SHANKSVILLE, Pa. - It can never be understandable when a plane falls out of the sky, but the tragedy that befell a United Airlines 757 seems especially incongruous in this borough of farmers and coal miners that is too small even for a stoplight.

Suddenly, Shanksville, a place where old people live down the street from their childhood homes, where the first day of deer season is a school holiday, finds itself the setting for an international guessing game over why Flight 93, commandeered by terrorists, crashed into the hillside of an abandoned strip mine two miles outside of town.

Yesterday, state troopers lined the main road into town, the whirring of helicopters mingled with the voices of children from schoolhouse windows, and the harsh glare from TV trucks flashed late into the night.

It's more than unsettling for residents who have remained here - sometimes long after their children have moved away - partly because Shanksville isn't a telegenic landmark that might be eyed by terrorists. The 235 residents have never had any expectation of seeing themselves being interviewed on the nightly news.
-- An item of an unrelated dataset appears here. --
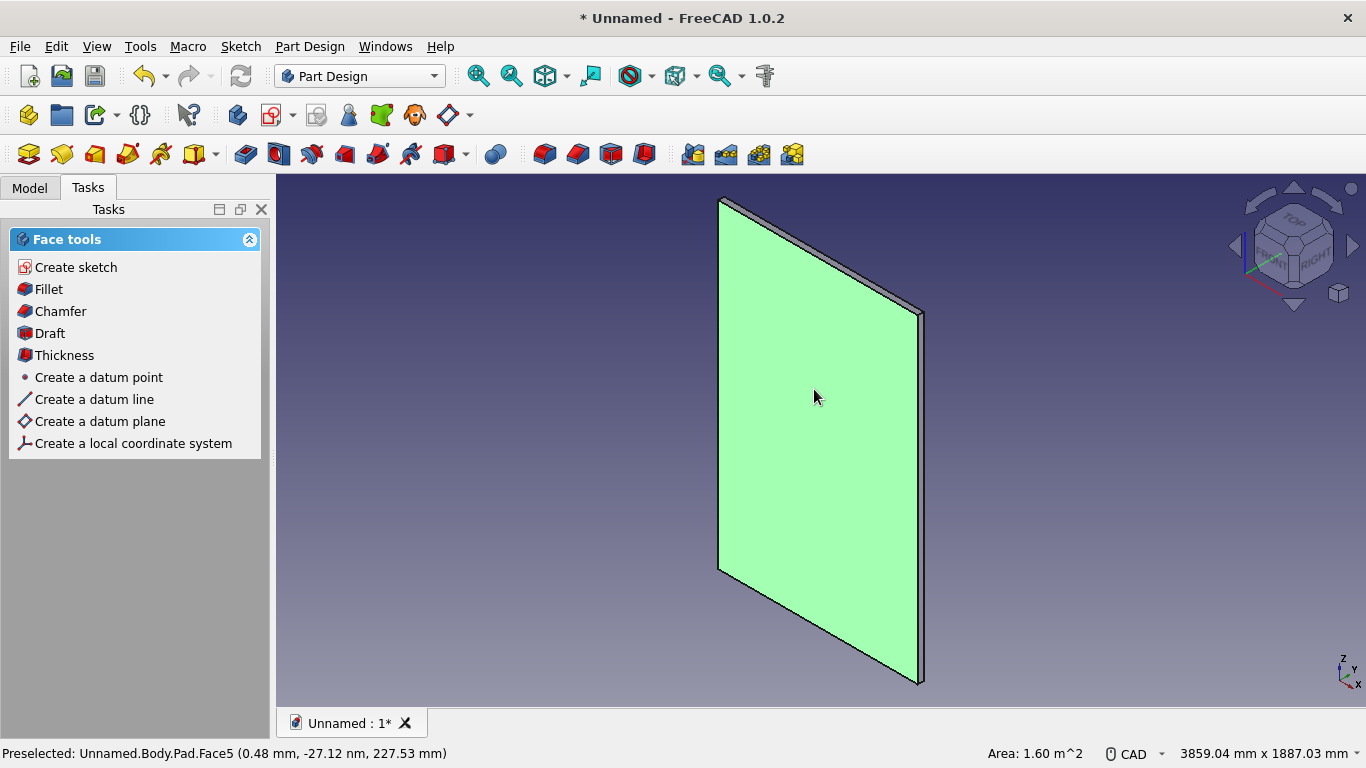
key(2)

"You think, 'Thank God I don't live in a place like Washington or New York where people try and do something like this,'" said Theresa Weyant, secretary treasurer of neighboring Indian Lake. "But this just brings us down to reality."
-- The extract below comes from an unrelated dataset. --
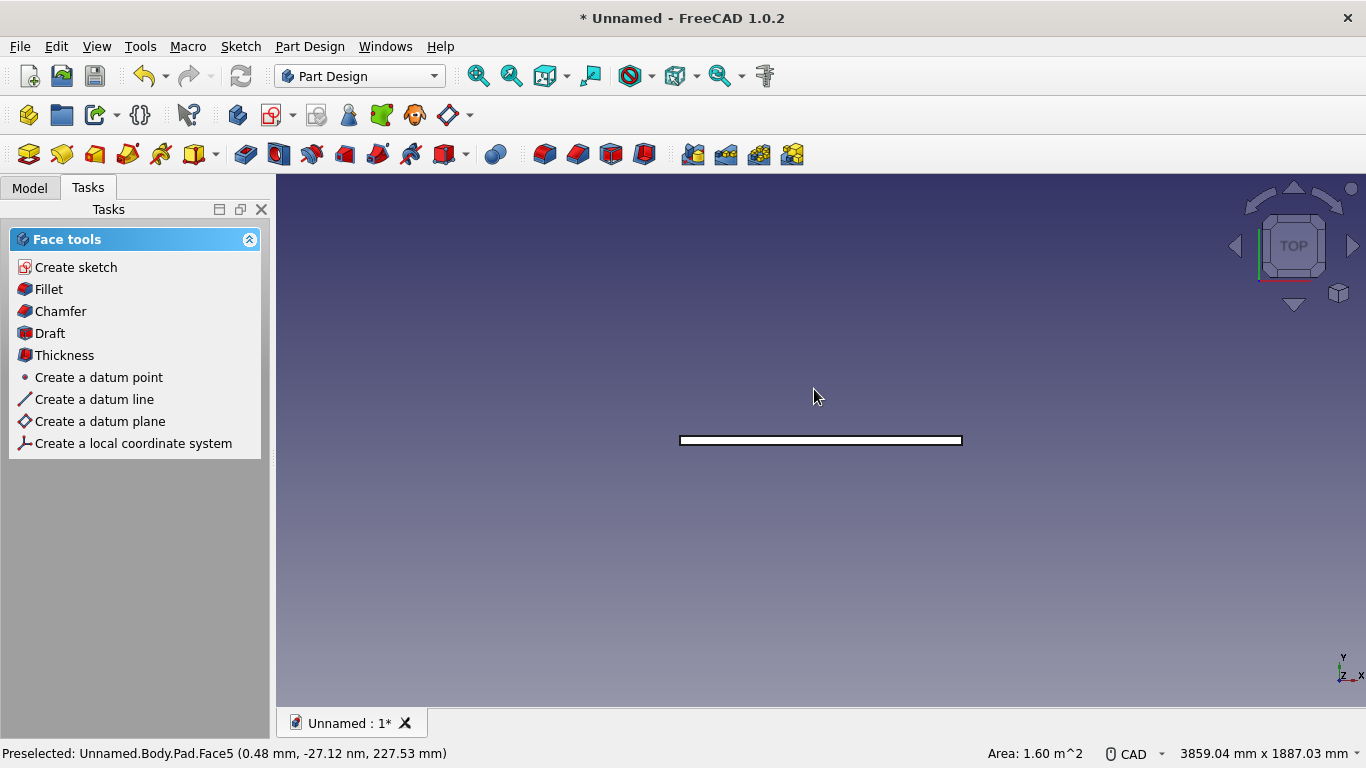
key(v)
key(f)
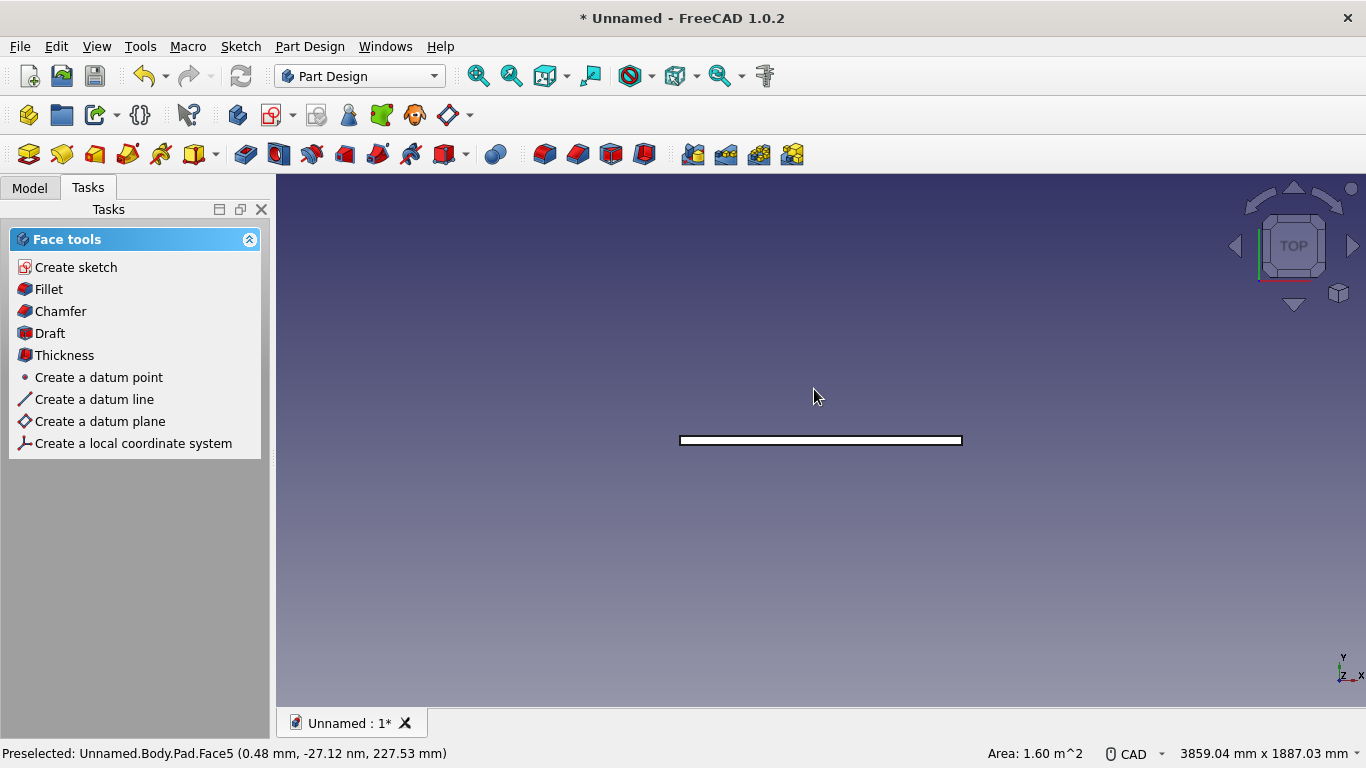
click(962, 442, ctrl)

The flight was hijacked Tuesday en route from Newark, N.J., to San Francisco.

It remains the subject of speculation whether an act of heroism by one or more passengers caused the plane to crash instead of ending up aimed at a significant target such as Air Force One or Camp David, the presidential retreat in northern Frederick County, Md.

Yesterday, indications of passenger resistance emerged from reports of cell phone calls made from the plane before it crashed.

Passenger Thomas Burnett told his wife, Deena, that "a group of us are going to do something," she said from her home in San Ramon, Calif. Burnett learned of the World Trade Center attacks during the four phone calls he made to his wife and calmly told her that he and other passengers would try to take action against the hijackers.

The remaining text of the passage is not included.